Remember these key facts, which debunk many intimate partner violence myths:

  • No amount of bad behavior can induce someone to behave violently. Victims do not cause their abuse, even if they are unfaithful, unreasonable, or unkind.
  • Responding to violence with violence is only acceptable in cases of self-defense, not to punish the perpetrator.
  • No level of violence is normal or acceptable in a relationship; a person who resorts to violence once will likely do so again.
  • Domestic violence harms children even when the children are not physically abused; many police departments treat domestic violence in the presence of children as a form of child abuse.

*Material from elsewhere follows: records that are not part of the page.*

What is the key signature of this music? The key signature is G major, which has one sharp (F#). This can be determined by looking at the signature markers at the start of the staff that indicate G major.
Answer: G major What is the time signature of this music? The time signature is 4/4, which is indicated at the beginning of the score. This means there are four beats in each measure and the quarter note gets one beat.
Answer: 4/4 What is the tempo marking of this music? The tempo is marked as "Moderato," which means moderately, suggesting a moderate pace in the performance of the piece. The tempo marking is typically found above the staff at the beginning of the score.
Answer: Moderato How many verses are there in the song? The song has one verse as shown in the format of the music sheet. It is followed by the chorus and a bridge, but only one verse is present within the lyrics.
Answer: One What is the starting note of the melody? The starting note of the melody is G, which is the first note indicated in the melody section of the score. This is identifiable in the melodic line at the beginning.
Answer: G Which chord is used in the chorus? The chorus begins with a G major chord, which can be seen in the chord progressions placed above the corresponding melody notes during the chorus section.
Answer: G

Leaving Isn't as Easy as It Seems

Domestic violence survivors are often asked why they don't leave. But consider this: How would you feel about leaving your partner? As difficult as it may be to admit, domestic violence relationships still offer their victims something, such as financial security or a relationship with a person they love. Programs designed to help victims leave, then, need to address these concerns.

Perhaps most important, though, is the fact that leaving can be dangerous. Research consistently shows that abusers are more likely to kill their victims in the two weeks after they leave than at any other time. When considered in conjunction with the fact that leaving can spark financial troubles, not to mention the pain of losing a relationship, it's easy to understand why so many survivors are hesitant to leave.

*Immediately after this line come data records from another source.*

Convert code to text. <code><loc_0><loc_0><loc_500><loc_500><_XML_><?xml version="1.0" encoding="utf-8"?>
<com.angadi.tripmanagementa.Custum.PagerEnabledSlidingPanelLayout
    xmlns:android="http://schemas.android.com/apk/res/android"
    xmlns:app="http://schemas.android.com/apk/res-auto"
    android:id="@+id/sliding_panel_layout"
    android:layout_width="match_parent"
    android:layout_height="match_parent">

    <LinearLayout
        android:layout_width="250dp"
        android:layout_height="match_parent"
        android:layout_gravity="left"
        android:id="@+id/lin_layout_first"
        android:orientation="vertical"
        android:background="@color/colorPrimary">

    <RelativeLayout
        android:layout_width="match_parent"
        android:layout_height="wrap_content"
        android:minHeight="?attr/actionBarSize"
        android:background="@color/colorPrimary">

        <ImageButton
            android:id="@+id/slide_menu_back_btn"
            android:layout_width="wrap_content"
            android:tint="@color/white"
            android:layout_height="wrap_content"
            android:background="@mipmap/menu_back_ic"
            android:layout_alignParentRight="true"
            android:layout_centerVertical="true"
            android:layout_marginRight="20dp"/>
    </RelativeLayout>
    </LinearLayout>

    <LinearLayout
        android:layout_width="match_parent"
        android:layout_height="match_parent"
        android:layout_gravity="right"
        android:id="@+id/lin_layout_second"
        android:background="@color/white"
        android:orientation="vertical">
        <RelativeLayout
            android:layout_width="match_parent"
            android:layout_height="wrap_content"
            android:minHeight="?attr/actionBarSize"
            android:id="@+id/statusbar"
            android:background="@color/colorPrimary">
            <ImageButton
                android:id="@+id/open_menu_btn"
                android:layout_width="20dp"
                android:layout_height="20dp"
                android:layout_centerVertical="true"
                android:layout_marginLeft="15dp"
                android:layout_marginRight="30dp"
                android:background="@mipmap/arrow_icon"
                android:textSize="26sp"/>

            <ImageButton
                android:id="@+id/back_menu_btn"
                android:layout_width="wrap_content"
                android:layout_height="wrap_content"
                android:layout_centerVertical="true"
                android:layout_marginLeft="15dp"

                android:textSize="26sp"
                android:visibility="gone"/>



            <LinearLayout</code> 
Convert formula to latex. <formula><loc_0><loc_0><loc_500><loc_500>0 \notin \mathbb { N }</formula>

Responding to Abuse Can be Challenging

It's not easy to know what to do when someone you love is in an abusive relationship; confronting the abuser is rarely the solution.

The following steps may help:

  1. Listen to and believe your loved one. Allow them to control their own lives. If your loved one does not want to leave or call the police, do not force them to.
  2. Do not get involved in their fights, as doing so may endanger you. Call the police instead.
  3. Offer your loved one a safe place to stay, or help him or her get to a shelter.
  4. Explore your loved one's reasons for staying, and offer to help. If childcare or finances are a concern, for instance, try offering some financial assistance.

We can all do our part by abandoning false beliefs, embracing a culture of safety, and supporting the victims we know.